The Asia-Pacific Campaign Medal
Attached Units - The U.S. Airborne during World War II
503rd Regimental Combat Team (RCT)


503rd Regimental Combat Team

he 503rd Parachute Regimental Combat Team, began with the activation of the 503rd Parachute Battalion in Fort Benning, Georgia on 21 August 1941. The Battalion was the third of four Parachute Battalions formed prior to the beginning of World War II. The others were 501, 502 and 504.

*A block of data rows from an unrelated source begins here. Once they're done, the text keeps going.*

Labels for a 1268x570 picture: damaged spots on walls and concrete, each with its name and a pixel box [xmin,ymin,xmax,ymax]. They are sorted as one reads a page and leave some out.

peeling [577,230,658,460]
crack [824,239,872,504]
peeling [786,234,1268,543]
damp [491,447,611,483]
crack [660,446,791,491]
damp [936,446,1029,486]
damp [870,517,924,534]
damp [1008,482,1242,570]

On 2 March 1942 the 503rd Parachute Battalion was the nucleus around which the 503rd Parachute Infantry Regiment was formed. This was the first of a number of such regiments organized over the next few years. The Regiment was transferred to Fort Bragg, North Carolina in March 1942.

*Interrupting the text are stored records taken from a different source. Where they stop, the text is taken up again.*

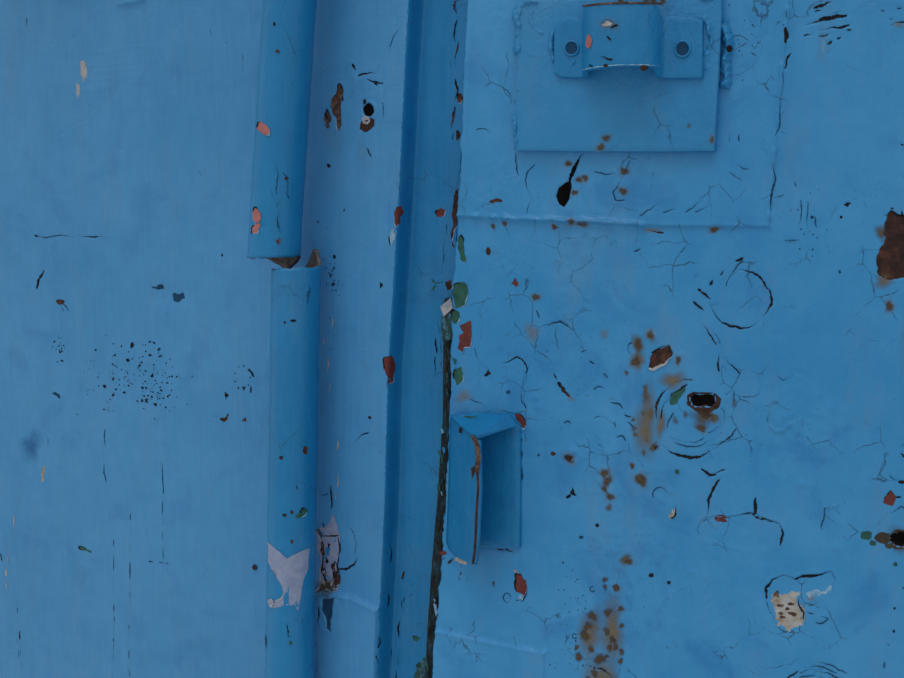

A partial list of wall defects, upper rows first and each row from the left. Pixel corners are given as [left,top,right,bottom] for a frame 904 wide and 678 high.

peeling [76,60,87,97]
peeling [324,83,344,131]
crack [451,79,488,140]
crack [769,10,796,218]
crack [594,161,710,216]
rust [876,207,904,285]
peeling [431,279,472,385]
crack [693,257,773,345]
peeling [267,514,341,635]
peeling [764,572,835,633]
rust [575,607,624,678]

On 20 October 1942 the Regiment left the POE San Francisco on the MS Poelau Laut. The first stop was the Panama Canal Zone where the 501st Parachute Battalion was picked up. This battalion was re-designated as the Second Battalion of the 503d PIR, replacing the original 503d's Second Battalion which had been sent to England and, eventually, re-designated as the 509. The Regiment landed in Cairns, Australia on 2 December 1942 after a voyage of 43 days and 42 nights. Later the Regiment was expanded into a Combat Team with the assignment of the 462d Parachute Artillery Battalion on 29 March 1944 and the 161st Parachute Engineer Company on 13 September 1944.

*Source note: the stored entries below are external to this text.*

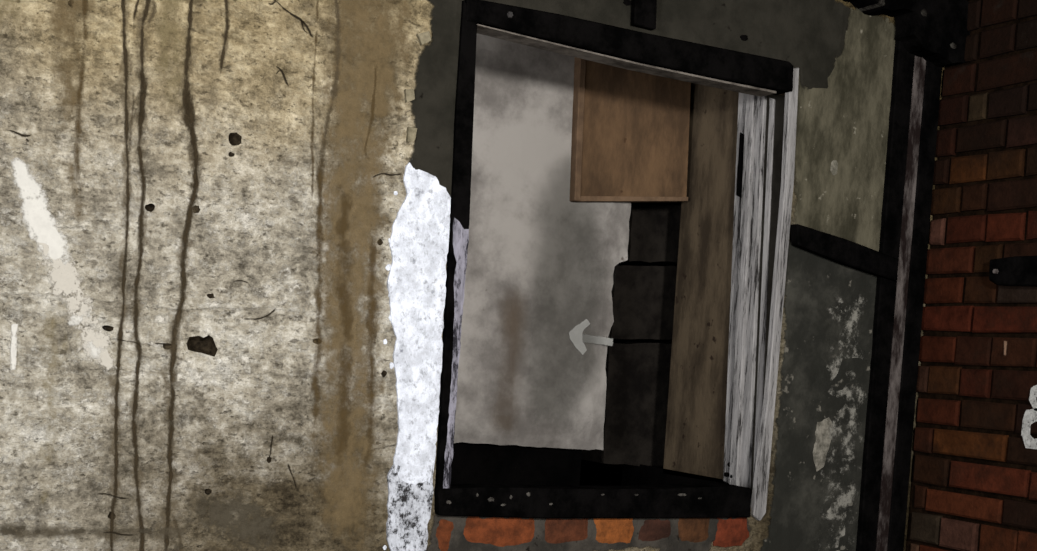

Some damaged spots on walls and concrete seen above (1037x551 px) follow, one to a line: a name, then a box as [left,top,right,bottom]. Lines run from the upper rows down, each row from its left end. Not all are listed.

flaking render [484,0,850,89]
leakage [0,525,84,537]
leakage [98,0,280,551]
spalling [187,335,218,357]
peeling [377,0,751,551]
flaking render [760,241,877,551]

During its more than three years service in the Southwest Pacific Theater, the 503d served in five major combat operations. A number of other missions were planned but called off by higher headquarters.

The Regiment jumped in the Markham Valley, New Guinea, on 5 September 1943, in the first successful Colonel George Madison Jones Airborne Combat Jump in the Pacific Theatre of Operations. The Regiment forced the Japanese evacuation of a major base at Lae to take a route which proved to be disastrous for them. The third Battalion of the 503d had a major skirmish with the rear guard of this exodus. The successful employment of Parachute troops, in the Markham Valley, has been credited with saving the concept of vertical envelopment from being abandoned following several less than successful engagements in Europe. In October, 1943 Lt Colonel George M Jones "The Warden" (picture right) took command of the regiment replacing Col Kenneth H Kinsler.

Two rifle Battalions of the 503d Regiment jumped Noemfoor off the coast of Dutch, New Guinea early in July 1944, followed by an amphibious landing by the other rifle Battalion a few days later. The Regiment was employed in the elimination of the Japanese garrison on that Island. Airfields constructed on Noemfoor after its capture played a significant role in supporting the advance of Allied troops from New Guinea to the Philippines. Sergeant Ray E. Eubanks was awarded the Congressional Medal of Honor, posthumously, for his actions on Noemfoor.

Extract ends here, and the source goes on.